What a difference a few years makes.
At the beginning of the decade, enterprise gamification was widely considered an emerging juggernaut, predestined for massive market penetration.
The industry reality here in 2014 is much grimmer. Gartner is forecasting market penetration at a measly 5% to 10%. Fortune magazine is practically dancing on the industry’s grave – when the most discussed article about the industry is entitled ‘Looks Like That Whole Gamification Thing Is Over’, things are looking pretty bleak.
For those not yet acquainted, enterprise gamification software is a product designed to measure, score and display a company’s employee productivity data, such as daily outbound calls, emails, and revenue, in the context of an office competition. True to its name, enterprise gamification incorporates the actual work-related activities that employees perform into a game.
And as an industry, it’s currently undergoing an existential crisis, which is both long overdue and necessary to prevent permanent atrophy.
It’s not that the concept of gamification itself is fatally flawed, as some industry analysts seem to believe. It’s just that almost every major industry player has vastly underestimated what it takes to create a gamification software that truly aligns incentives and adds actual value at every layer of a company.
>See also: Most gamification apps will fail – Gartner
There are some valuable lessons that the industry needs to glean, sooner rather than later. Gamification, seemingly since its inception, has been coddled, achieving buzzworthy recognition with little evidence to support the merits of most of its companies’ existences.
Built on a house of cards
The core problem of the gamification industry can be summarised in a five words: failure to add sustained value.
There’s a pandemic of flawed product design within the gamification industry. Leading gamification softwares measure employees’ performance, but almost none teach them how to perform better. They integrate with company’s CRM, but rarely also integrate with phone systems, email tracking software, and similar enterprise software tools.

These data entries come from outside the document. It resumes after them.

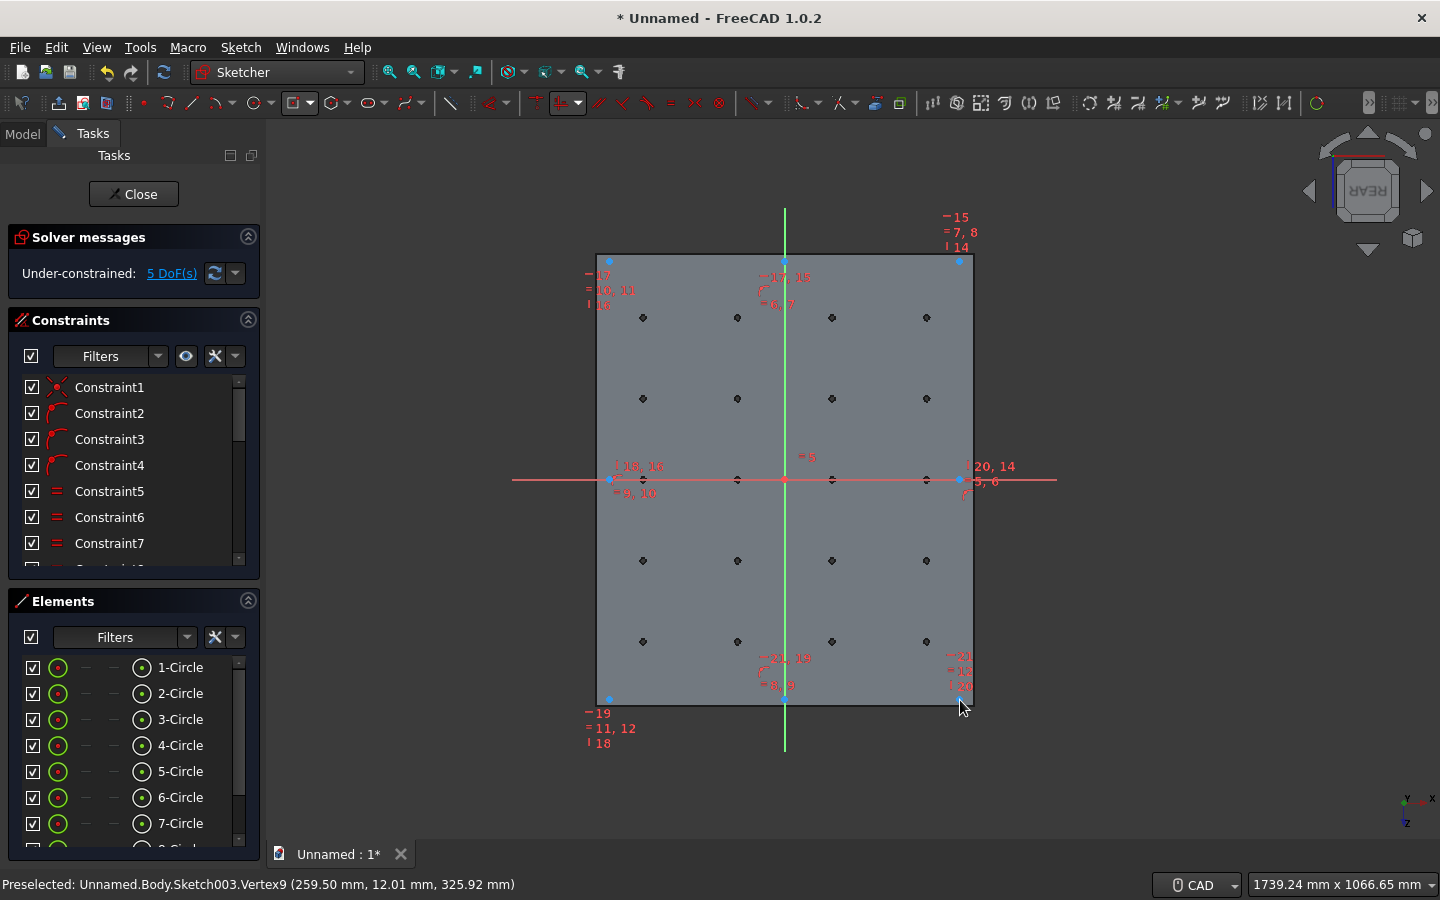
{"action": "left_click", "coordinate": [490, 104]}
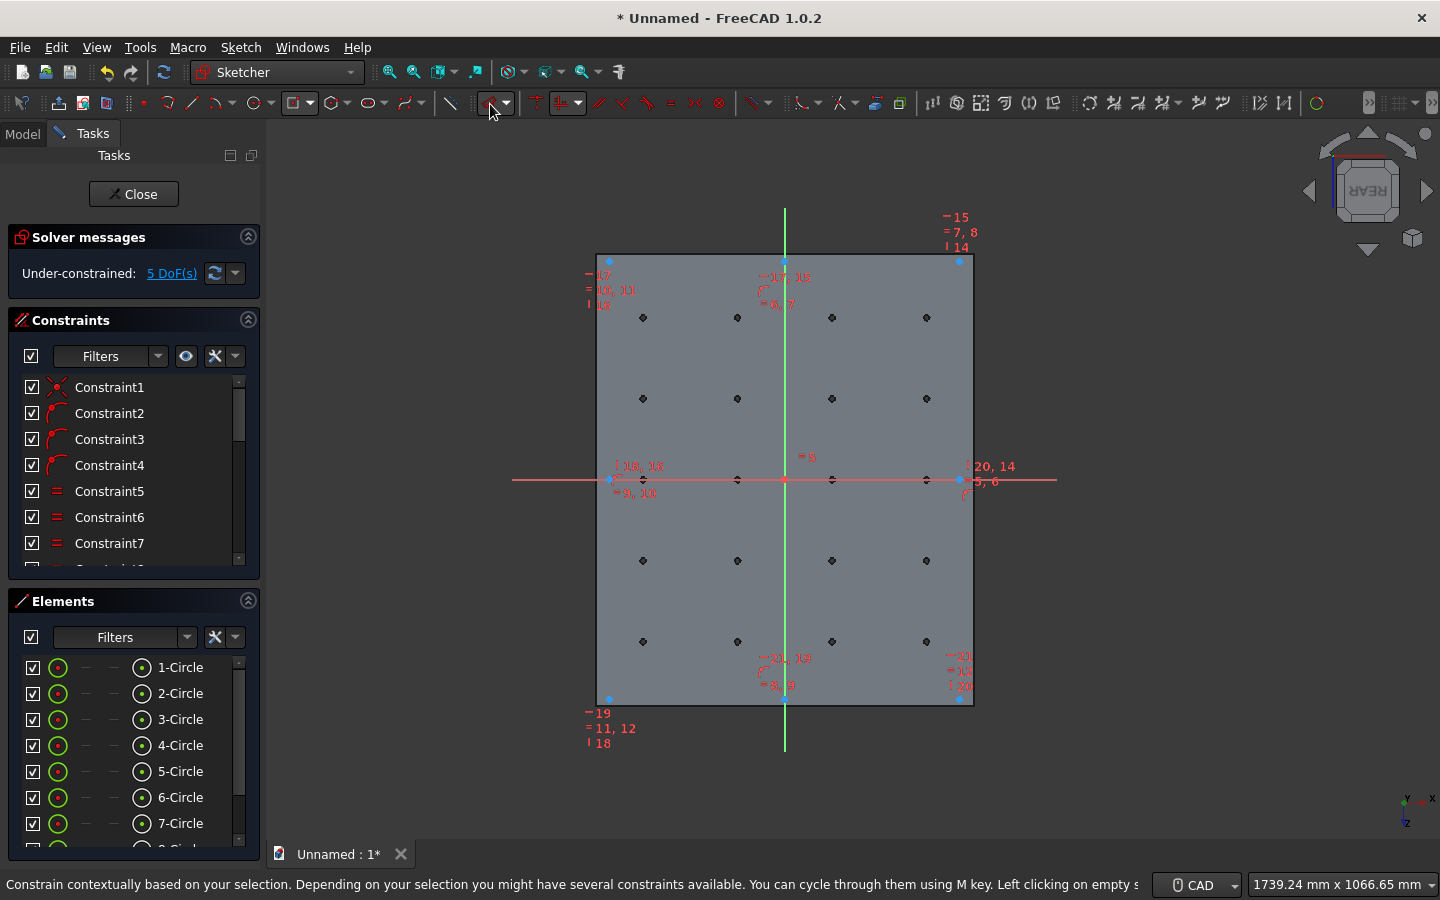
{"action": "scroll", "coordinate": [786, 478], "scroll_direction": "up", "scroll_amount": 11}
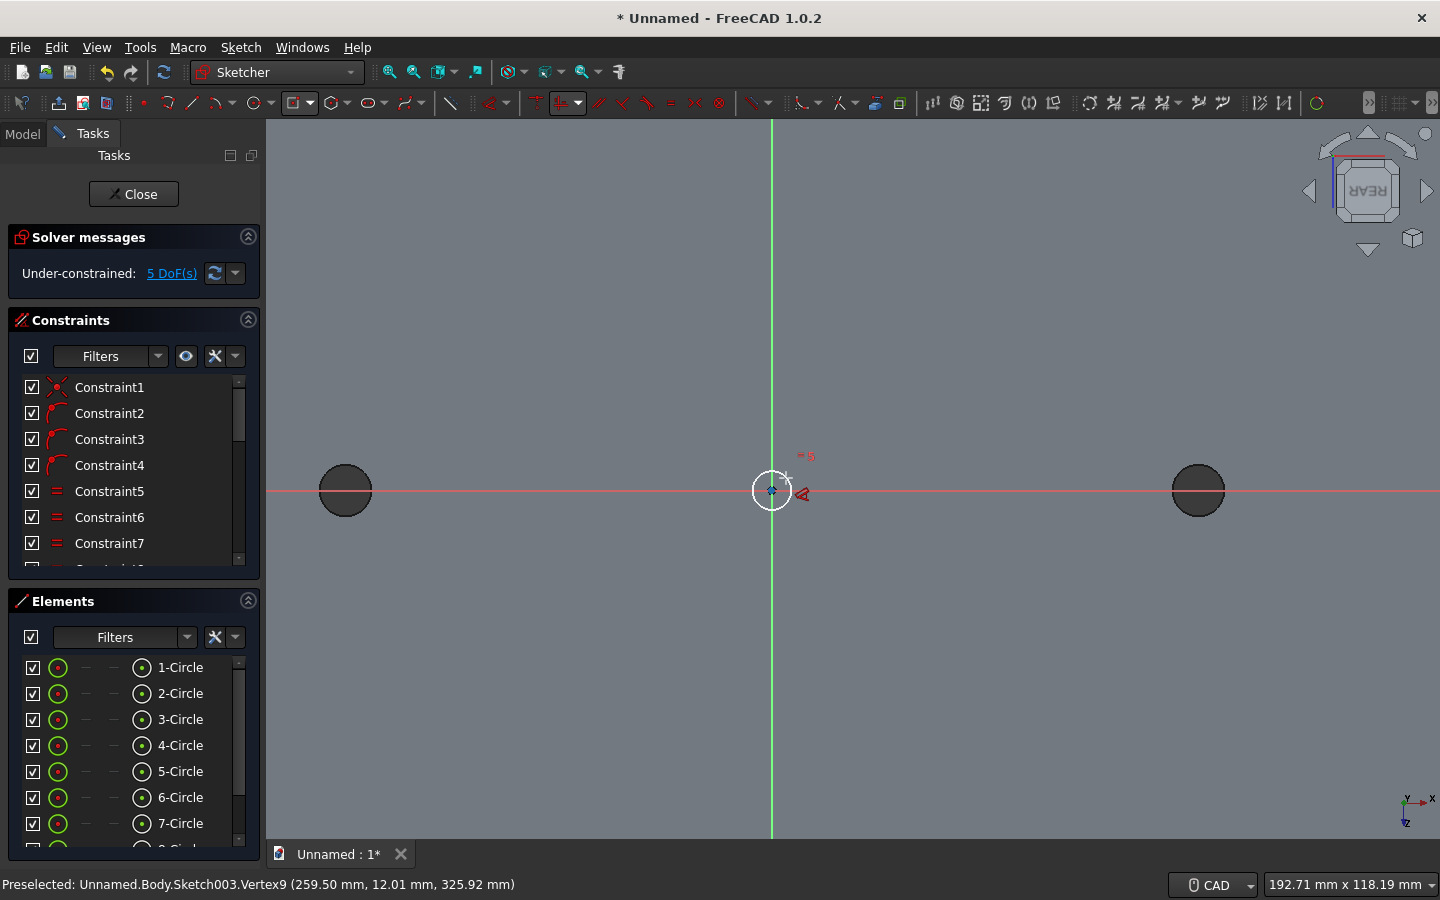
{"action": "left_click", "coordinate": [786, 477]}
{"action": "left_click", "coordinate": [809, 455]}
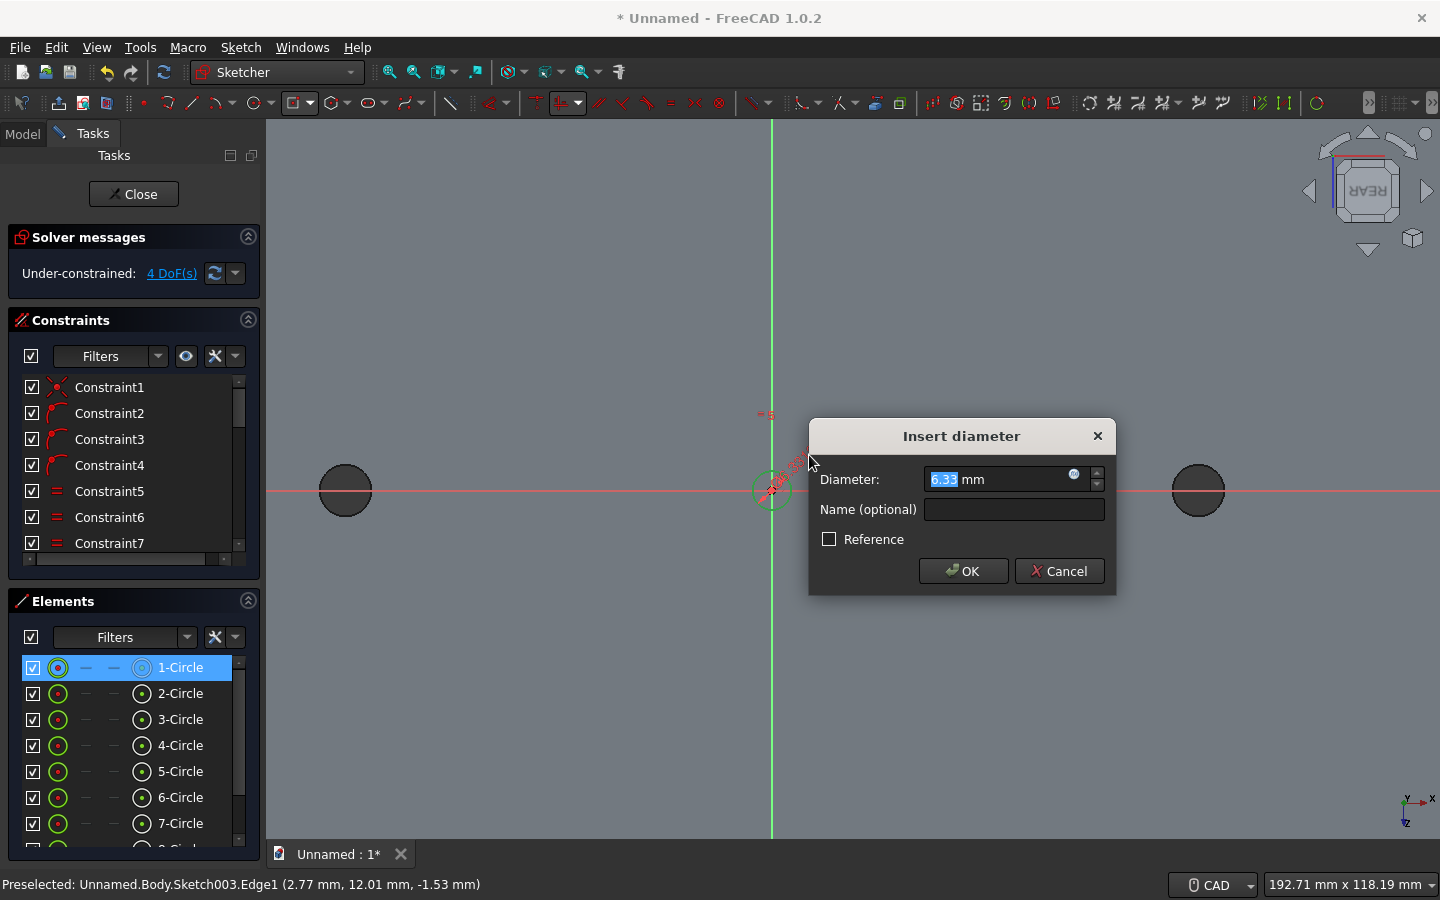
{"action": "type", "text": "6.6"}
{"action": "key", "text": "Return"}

The nasty truth is that, while gamification companies will promise better business intelligence, the only way the vast majority of these vendors plan on providing businesses with that intelligence is by provoking their employees to more accurately track their activities.
If the energy in an office is lethargic and employees are struggling, there’s a deeper problem there that an office competition likely won’t resolve.
Gamification software only tend to communicate how well an employee is performing in terms of revenue. Sure, they might tell you how hard an employee is working, but they provide no insight into whether a sales rep is a particularly good cold caller, or someone who need coaching on becoming more effective during meetings with prospective clients.
What about deeper analytics such as conversion rates and average time of cold call conversation? Or historical data charting conversion rate over time? Can gamification software tell if the email tracking software a business just implemented is improving its employees’ ability to generate responses to cold emails?
The failure of most gamification industry leaders to evolve and incorporate such abilities into their software severely limits their ability to provide more than just base-level value to enterprises in the way of data analytics.
Here’s the dirty little secret of gamification software: most are inherently disrespectful towards their users. They are designed to manipulate employees, not empower them.
Newsflash: employees know what’s really going on when you implement a software that tracks their productivity but offers them no real value. Turning the office into a Chuck E. Cheese isn’t going to hide the fact that Big Brother is watching over them every second of the workday, and they aren’t receiving a single tangible benefit from it.
Gamification companies need to be creating products that add actual value to their users, the employees. And the most natural way for gamification softwares to add value is by providing employees and managers with advanced data analytics about how they are performing.
Right now, most of the leading gamification companies are really good at telling management and employees which employees are succeeding and which are failing. Very few have the ability to tell employees and management why an individual employee is succeeding or failing.
And vendors wonder why Gartner predicted in its 2012 Year-End Report that, as of this year, 80% of current gamified applications will have failed to meet business objectives.
Rebuilding gamification
Gamification can work if it actually induces employees and managers to learn and benefit from their productivity analytics. And the gamification companies that survive will be the ones who empower, rather than use, their users.
The disproportionate alignment of true incentives is the first thing that needs to go. The best way to do that is to incorporate tools into gamification software that create opportunities for better, more effective coaching.
>See also: Gartner reveals how gamification drives digital business
For example, software that shows advanced metrics pinpointing where a sales rep is struggling can add tangible value by indicating if an employee is having a high volume of outbound calls and first meetings, but poor conversion rates, during a month where he or she is performing poorly in terms of revenue.
Gamification software that automatically generates and communicates that type of internal business intelligence to the employee’s supervisor is creating a coaching opportunity and thus adding value to the user, the supervisor, and the company’s bottom line. Very few gamification solutions are doing that right now, and that goes back to the core of the industry’s problem: sustainable value.
Gamification companies must take a long, hard look in the mirror and realise what they truly are. Get advanced data analytics, figure out how to add true value to users, and focus engineering on substance, not style.